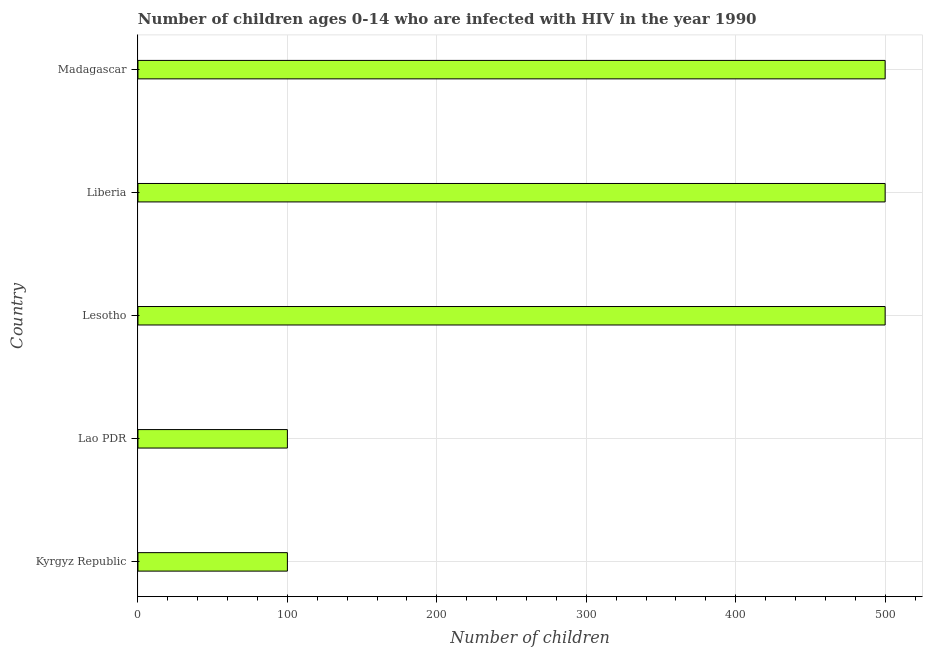Does the graph contain any zero values?
Make the answer very short. No. What is the title of the graph?
Provide a short and direct response. Number of children ages 0-14 who are infected with HIV in the year 1990. What is the label or title of the X-axis?
Offer a very short reply. Number of children. What is the label or title of the Y-axis?
Provide a succinct answer. Country. What is the number of children living with hiv in Liberia?
Provide a succinct answer. 500. Across all countries, what is the maximum number of children living with hiv?
Make the answer very short. 500. Across all countries, what is the minimum number of children living with hiv?
Offer a terse response. 100. In which country was the number of children living with hiv maximum?
Your response must be concise. Lesotho. In which country was the number of children living with hiv minimum?
Your response must be concise. Kyrgyz Republic. What is the sum of the number of children living with hiv?
Offer a very short reply. 1700. What is the difference between the number of children living with hiv in Lesotho and Madagascar?
Make the answer very short. 0. What is the average number of children living with hiv per country?
Your answer should be very brief. 340. In how many countries, is the number of children living with hiv greater than 140 ?
Provide a succinct answer. 3. What is the ratio of the number of children living with hiv in Lao PDR to that in Liberia?
Make the answer very short. 0.2. Is the sum of the number of children living with hiv in Lesotho and Liberia greater than the maximum number of children living with hiv across all countries?
Provide a short and direct response. Yes. What is the difference between the highest and the lowest number of children living with hiv?
Provide a short and direct response. 400. How many bars are there?
Offer a terse response. 5. Are all the bars in the graph horizontal?
Your answer should be compact. Yes. Are the values on the major ticks of X-axis written in scientific E-notation?
Make the answer very short. No. What is the Number of children in Lao PDR?
Your answer should be compact. 100. What is the Number of children in Lesotho?
Make the answer very short. 500. What is the difference between the Number of children in Kyrgyz Republic and Lesotho?
Your answer should be compact. -400. What is the difference between the Number of children in Kyrgyz Republic and Liberia?
Give a very brief answer. -400. What is the difference between the Number of children in Kyrgyz Republic and Madagascar?
Ensure brevity in your answer.  -400. What is the difference between the Number of children in Lao PDR and Lesotho?
Give a very brief answer. -400. What is the difference between the Number of children in Lao PDR and Liberia?
Your answer should be compact. -400. What is the difference between the Number of children in Lao PDR and Madagascar?
Your answer should be very brief. -400. What is the difference between the Number of children in Lesotho and Liberia?
Give a very brief answer. 0. What is the difference between the Number of children in Lesotho and Madagascar?
Make the answer very short. 0. What is the ratio of the Number of children in Lao PDR to that in Lesotho?
Offer a terse response. 0.2. What is the ratio of the Number of children in Lao PDR to that in Madagascar?
Provide a succinct answer. 0.2. What is the ratio of the Number of children in Lesotho to that in Liberia?
Ensure brevity in your answer.  1. What is the ratio of the Number of children in Lesotho to that in Madagascar?
Your response must be concise. 1. 
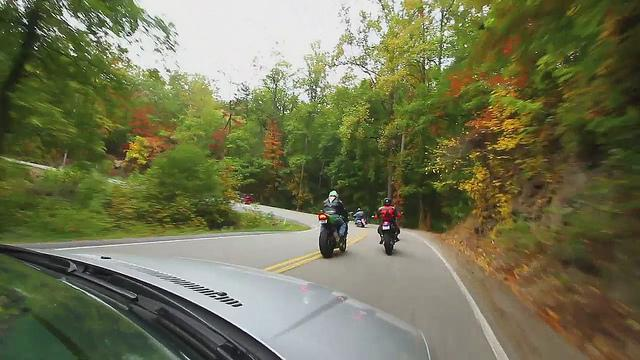How many motorcycles are on the highway apparently ahead of the vehicle driving? three 
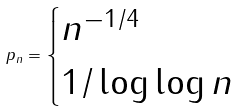<formula> <loc_0><loc_0><loc_500><loc_500>p _ { n } = \begin{cases} n ^ { - 1 / 4 } & \\ 1 / \log \log n & \end{cases}</formula> 
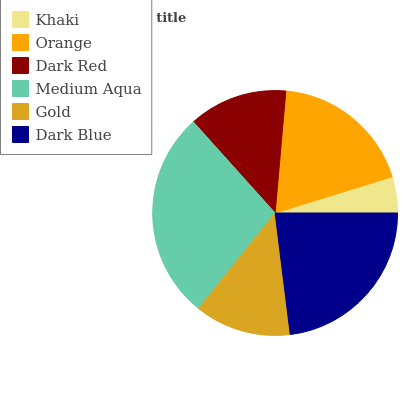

:: What is required ::
Determine the number of lines in the entries that contain the word "direct". Give that number and nothing more.

:: Written answer ::
3